REGIONAL — Kathleen O’Connor Ives graduated from law school not because she wanted to practice law. Her interests were in government and specifically environmental issues. She won a seat on the Newburyport City Council in 2007 before she took the bar exam.
So, it was hardly a surprise to her friend Mark Griffin that she did not practice law very long at the firm of Finneran and Nicholson, where he is a senior attorney. She had joined the firm as an associate in 2019 after choosing not to seek re-election to the state Senate. She left the Senate after serving three terms to spend more time with her son.
Instead of practicing law, Ives threw herself into another passion, her e-commerce business, The Owl in the Towel, that developed and markets environmentally friendly hand sanitizers, deodorants and hand creams.
But as excited as she is about her natural products company, a bigger calling loomed on the horizon for the 44-year-old Ives.
“I didn’t know that Frank (Cousins) was thinking about retiring,” she said.
Cousins, whom Ives had worked with when he was Essex County Sheriff, was leaving his position as president of the Greater Newburyport Chamber of Commerce.
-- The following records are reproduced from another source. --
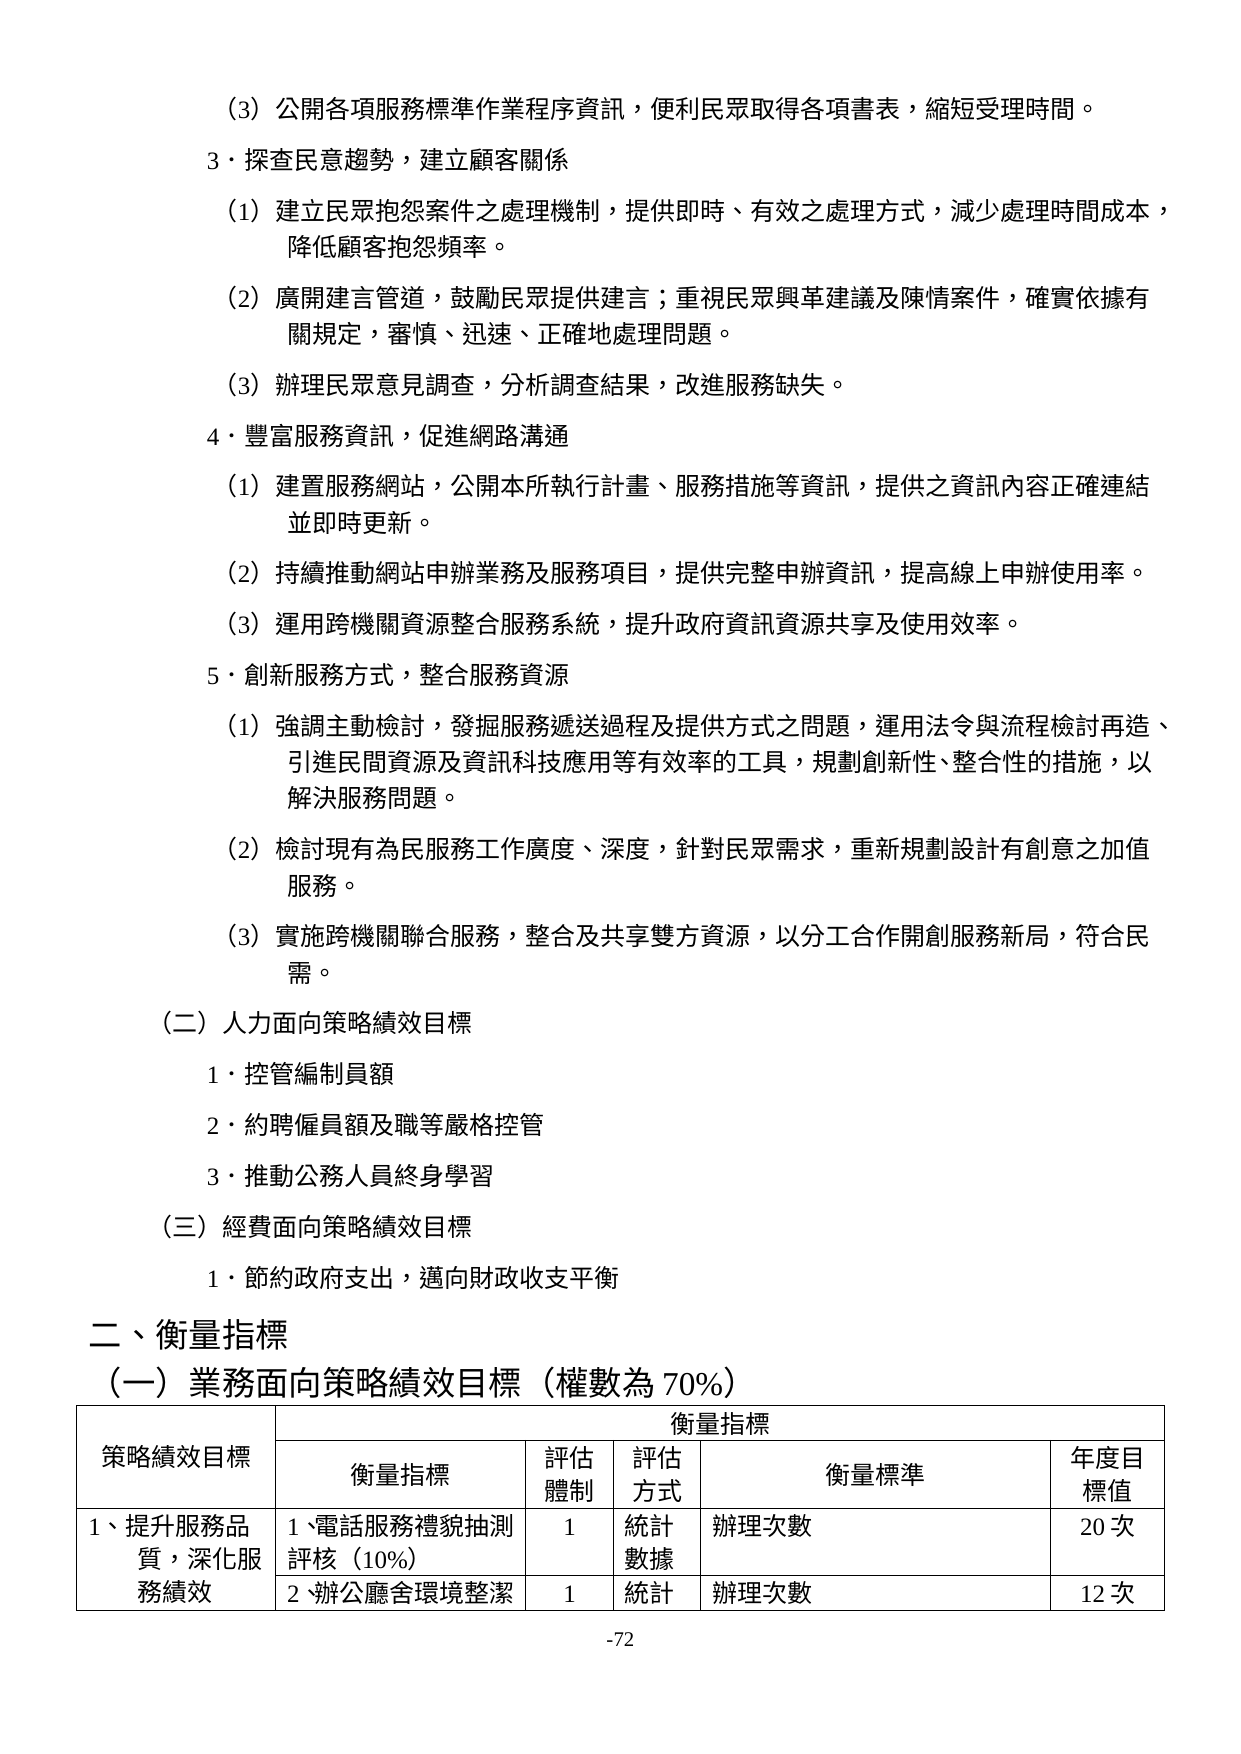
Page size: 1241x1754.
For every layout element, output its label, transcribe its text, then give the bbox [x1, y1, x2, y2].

table_cell 辦理次數 [701, 1576, 1050, 1609]
list 控管編制員額 [207, 1055, 1152, 1091]
text （三）經費面向策略績效目標 [148, 1207, 1152, 1243]
list 建立民眾抱怨案件之處理機制，提供即時、有效之處理方式，減少處理時間成本，降低顧客抱怨頻率。 [213, 191, 1152, 263]
table_cell 1 [526, 1576, 613, 1609]
table_cell 2、辦公廳舍環境整潔 [276, 1576, 525, 1609]
list 公開各項服務標準作業程序資訊，便利民眾取得各項書表，縮短受理時間。 [213, 89, 1152, 126]
list 創新服務方式，整合服務資源 [207, 656, 1152, 692]
text 二、衡量指標 [88, 1309, 1152, 1357]
list 推動公務人員終身學習 [207, 1156, 1152, 1193]
table_cell 年度目標值 [1051, 1441, 1164, 1507]
list 探查民意趨勢，建立顧客關係 [207, 140, 1152, 176]
table_cell 20次 [1051, 1509, 1164, 1575]
text （二）人力面向策略績效目標 [148, 1004, 1152, 1040]
table_cell 評估體制 [526, 1441, 613, 1507]
list 辦理民眾意見調查，分析調查結果，改進服務缺失。 [213, 365, 1152, 401]
table_cell 統計數據 [614, 1509, 700, 1575]
list 實施跨機關聯合服務，整合及共享雙方資源，以分工合作開創服務新局，符合民需。 [213, 917, 1152, 989]
table_cell 1、電話服務禮貌抽測評核（10%） [276, 1509, 525, 1575]
table_header 策略績效目標 [77, 1406, 275, 1507]
table_cell 衡量標準 [701, 1441, 1050, 1507]
table_cell 統計 [614, 1576, 700, 1609]
table_cell 1 [526, 1509, 613, 1575]
table_cell 衡量指標 [276, 1441, 525, 1507]
list 豐富服務資訊，促進網路溝通 [207, 416, 1152, 452]
list 節約政府支出，邁向財政收支平衡 [207, 1258, 1152, 1294]
list 建置服務網站，公開本所執行計畫、服務措施等資訊，提供之資訊內容正確連結並即時更新。 [213, 467, 1152, 539]
table_header 衡量指標 [276, 1406, 1164, 1440]
table_cell 辦理次數 [701, 1509, 1050, 1575]
table_cell 提升服務品質，深化服務績效 [77, 1509, 275, 1609]
list 持續推動網站申辦業務及服務項目，提供完整申辦資訊，提高線上申辦使用率。 [213, 554, 1152, 590]
list 約聘僱員額及職等嚴格控管 [207, 1106, 1152, 1142]
list 檢討現有為民服務工作廣度、深度，針對民眾需求，重新規劃設計有創意之加值服務。 [213, 830, 1152, 902]
list 廣開建言管道，鼓勵民眾提供建言；重視民眾興革建議及陳情案件，確實依據有關規定，審慎、迅速、正確地處理問題。 [213, 278, 1152, 351]
list 運用跨機關資源整合服務系統，提升政府資訊資源共享及使用效率。 [213, 605, 1152, 641]
table_cell 評估方式 [614, 1441, 700, 1507]
list 強調主動檢討，發掘服務遞送過程及提供方式之問題，運用法令與流程檢討再造、引進民間資源及資訊科技應用等有效率的工具，規劃創新性、整合性的措施，以解決服務問題。 [213, 706, 1152, 815]
text （一）業務面向策略績效目標（權數為70%） [88, 1357, 1152, 1405]
table_cell 12次 [1051, 1576, 1164, 1609]

In typical Katy Ives mode, she started jotting down things the chamber could do to help the greater Newburyport area.
“It is a strategic time in the life of this city,” she said. “We have to organize quickly.”
After filling two notepads with ideas, the lightbulb went on. She said she felt like the situation was “shouting out to her that I can help.” She asked herself, why shouldn’t she apply for the job?
Griffin, the outgoing chairman of the chamber board of directors, was way ahead of her. “Katy was the first person I thought of when Frank told us he was leaving,” he said.
About 20 people applied for the top chamber position, said Griffin, who formed a committee to review resumes and conduct interviews. But Ives was the obvious choice, he said.
She was elected unanimously by the board and began serving as president of the chamber this week.
“I am excited about Katy coming,” Cousins said. “She has lots of energy.” Having been a city councilor and state senator for a district that includes Amesbury, Newburyport and Salisbury, “she knows a lot of people.”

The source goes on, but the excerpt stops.